Question

A triangular park abc has sides 120m, 80 m, and 50 m. a gardener wants to put a fence all around it and also plant grass inside. how much area does he need to plant? find the cost of fencing it with barbed wire at the rate of rs 20 per metre leaving a space 3 m wide for a gate on one side

Answer 1

$\bf \large \it Hey \: User!!!$

given the sides of the triangular park are 120m, 80m and 50m.

perimeter of the triangular park = 120m + 80m + 50m
= 250m

therefore it's semi-perimeter = 250/2
= 125m

$\tt \small \: area \: of \: the \: triangular \: park \: by \\ \tt \small herons \: formula = \scriptsize {\sqrt{s(s - a)(s - b)(s - c)} } \\ \tt \footnotesize = \sqrt{125(125 - 120)(125 - 80)(125 - 50)} \\ \tt \footnotesize = \sqrt{125 \times 5 \times 45 \times 75} \\ \tt \footnotesize = \sqrt{2109375} \\ \tt \small = 1452.36 {m}^{2} \:$

hence, the gardener have to plant grass in 1452.36m²

now we have to find the cost of fencing the field with a barbed wire at the rate of rs 20 per m leaving a space of 3m wide for a gate.

therefore the gardener have to fence = 250 - 3
= 247m

so total cost of fencing at the rate of rs 20 per meter = 247 × 20
= rs 4940

$\Large \rm \it \: Cheers!!!$

Answer 2

Given:

The sides of the triangular park are 120m, 80m, and 50m

Rate of fencing= Rs.20/m

To find:

The area of the triangular park and the cost of fencing the park after leaving space for the gate

Solution:

The area of the triangular park is 375√15m².

The cost of fencing it with barbed wire is Rs.4,940.

We can find the solution by following the process given below-

We know that the area of the park can be calculated by taking all three sides of the park.

Let the sides of the park be a, b, and c.

So, a=120m, b=80m, and c=50m

Now, we will use Heron's formula to find out the area of the park.

$Area \: of \: the \: triangular \: park = \sqrt{s(s - a)(s - b)(s - c)}$

and s is the semi-perimeter of the triangular park and a, b, c are its sides.

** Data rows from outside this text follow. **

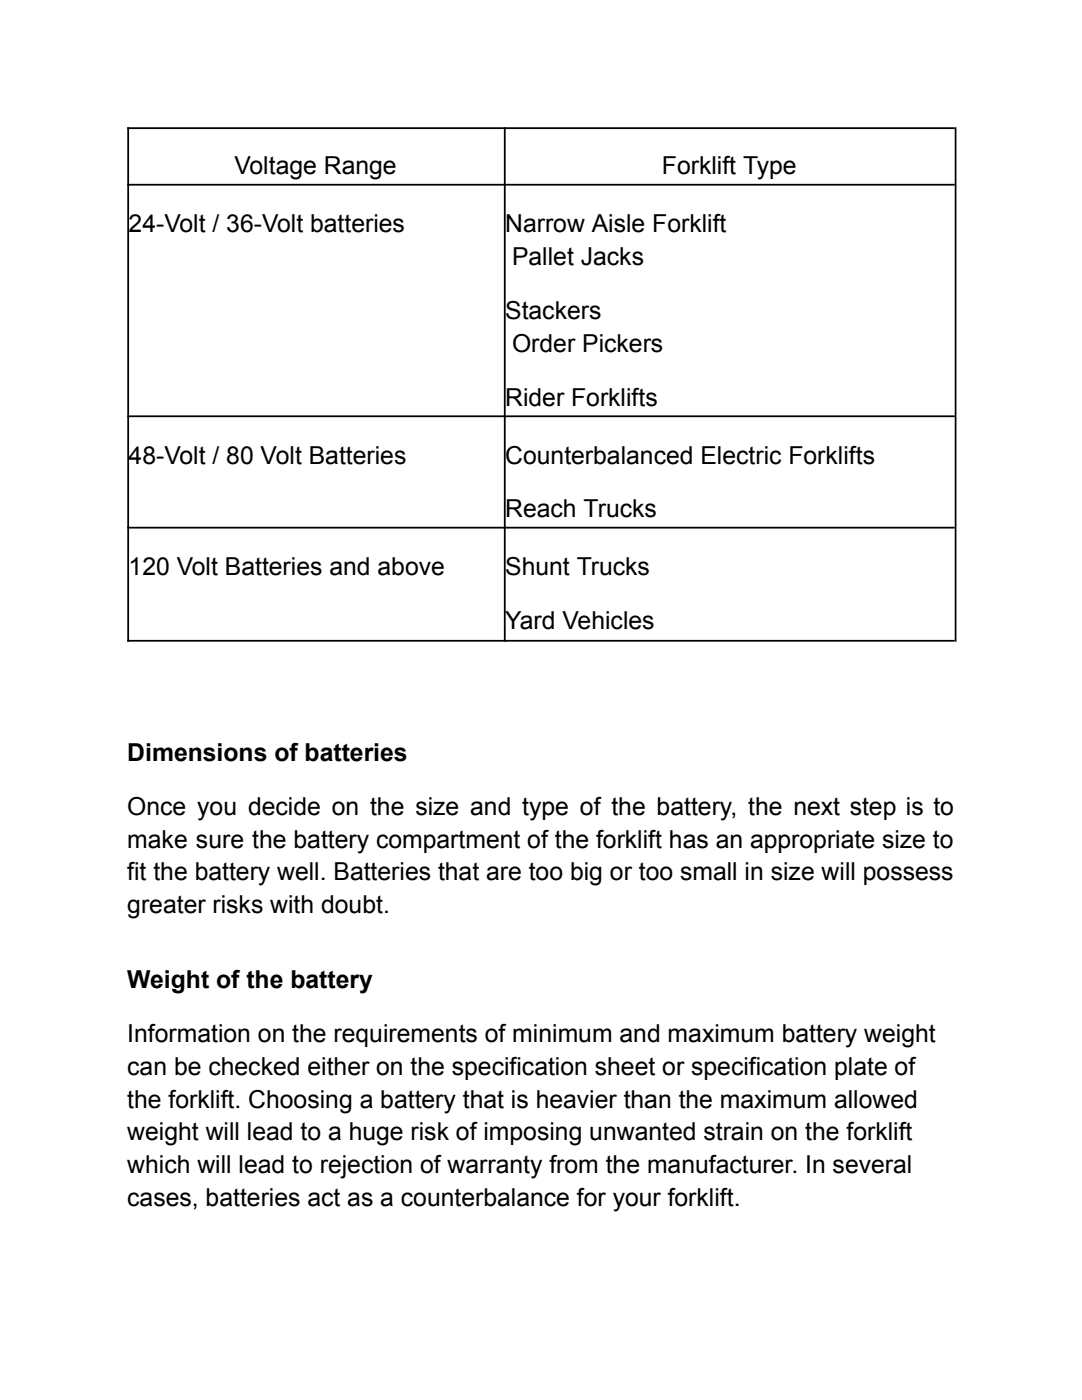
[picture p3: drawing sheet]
<svg xmlns="http://www.w3.org/2000/svg" width="216mm" height="279mm" viewBox="0 0 216 279" stroke-linecap="round" stroke-linejoin="round" font-family="sans-serif">
<defs><g id="words">
<g font-size="4.9">
<text x="46.8" y="34.8">Voltage Range</text>
<text x="132.1" y="34.8">Forklift Type</text>
<text x="25.7" y="46.4">24-Volt / 36-Volt batteries</text>
<text x="100.8" y="46.4">Narrow Aisle Forklift</text>
<text x="102.2" y="52.9">Pallet Jacks</text>
<text x="100.8" y="63.6">Stackers</text>
<text x="102.2" y="70.2">Order Pickers</text>
<text x="100.8" y="80.9">Rider Forklifts</text>
<text x="25.7" y="92.5">48-Volt / 80 Volt Batteries</text>
<text x="100.8" y="92.5">Counterbalanced Electric Forklifts</text>
<text x="100.8" y="103.3">Reach Trucks</text>
<text x="25.7" y="114.8">120 Volt Batteries and above</text>
<text x="100.8" y="114.8">Shunt Trucks</text>
<text x="100.8" y="125.6">Yard Vehicles</text>
<text x="25.4" y="151.9">Dimensions of batteries</text>
<text x="25.4" y="162.6">Once you decide on the size and type of the battery, the next step is to</text>
<text x="25.4" y="169.2">make sure the battery compartment of the forklift has an appropriate size to</text>
<text x="25.4" y="175.7">fit the battery well. Batteries that are too big or too small in size will possess</text>
<text x="25.4" y="182.2">greater risks with doubt.</text>
<text x="25.4" y="197.2">Weight of the battery</text>
<text x="25.4" y="208">I</text>
<text x="26.8" y="208">nformation on the requirements of minimum and maximum battery weight</text>
<text x="25.4" y="214.5">can be checked either on the specification sheet or specification plate of</text>
<text x="25.4" y="221.1">t</text>
<text x="26.8" y="221.1">he forklift. Choosing a battery that is heavier than the maximum allowed</text>
<text x="25.4" y="227.6">weight will lead to a huge risk of imposing unwanted strain on the forklift</text>
<text x="25.4" y="234.1">which will lead to rejection of warranty from the manufacturer. In several</text>
<text x="25.4" y="240.7">cases, batteries act as a counterbalance for your forklift.</text>
</g>
</g></defs>
<path d="M25.4 25.6h165.1M25.4 36.9h165.1M25.6 25.4v102.7M100.7 25.4v102.7M190.7 25.4v102.7M25.4 83.1h165.1M25.4 105.3h165.1M25.4 127.9h165.1" fill="none" stroke="#000" stroke-width=".35"/>
<use href="#words"/>
</svg>

Semi-perimeter= Sum of all sides/2

=(120+80+50)/2=250/2=125m

On putting the values, we get

$Area = \sqrt{125(125 - 120)(125 - 80)(125 - 50)}$

$= \sqrt{125(5)(45)(75)}$

$= \sqrt{625 \times 5 \times 9 \times 25 \times 3}$

=25×3×5√15=125×3√15

=375√15m²

The area where the gardener can plant grass is 375√15m².

Now, the fencing will be done along the boundary of the park i.e., the perimeter minus the space for the gate.

The perimeter of the park= Sum of all sides

=120+80+50=250m

The space for the gate is 3m wide.

So, the fencing will be done for (250-3)m=247m

The cost of fencing the park= Rs.20/m

So, the cost for fencing 247m= 20×247

=Rs.4,940

Therefore, the area of the triangular park is 375√15m² and the cost of fencing it with barbed wire is Rs.4,940.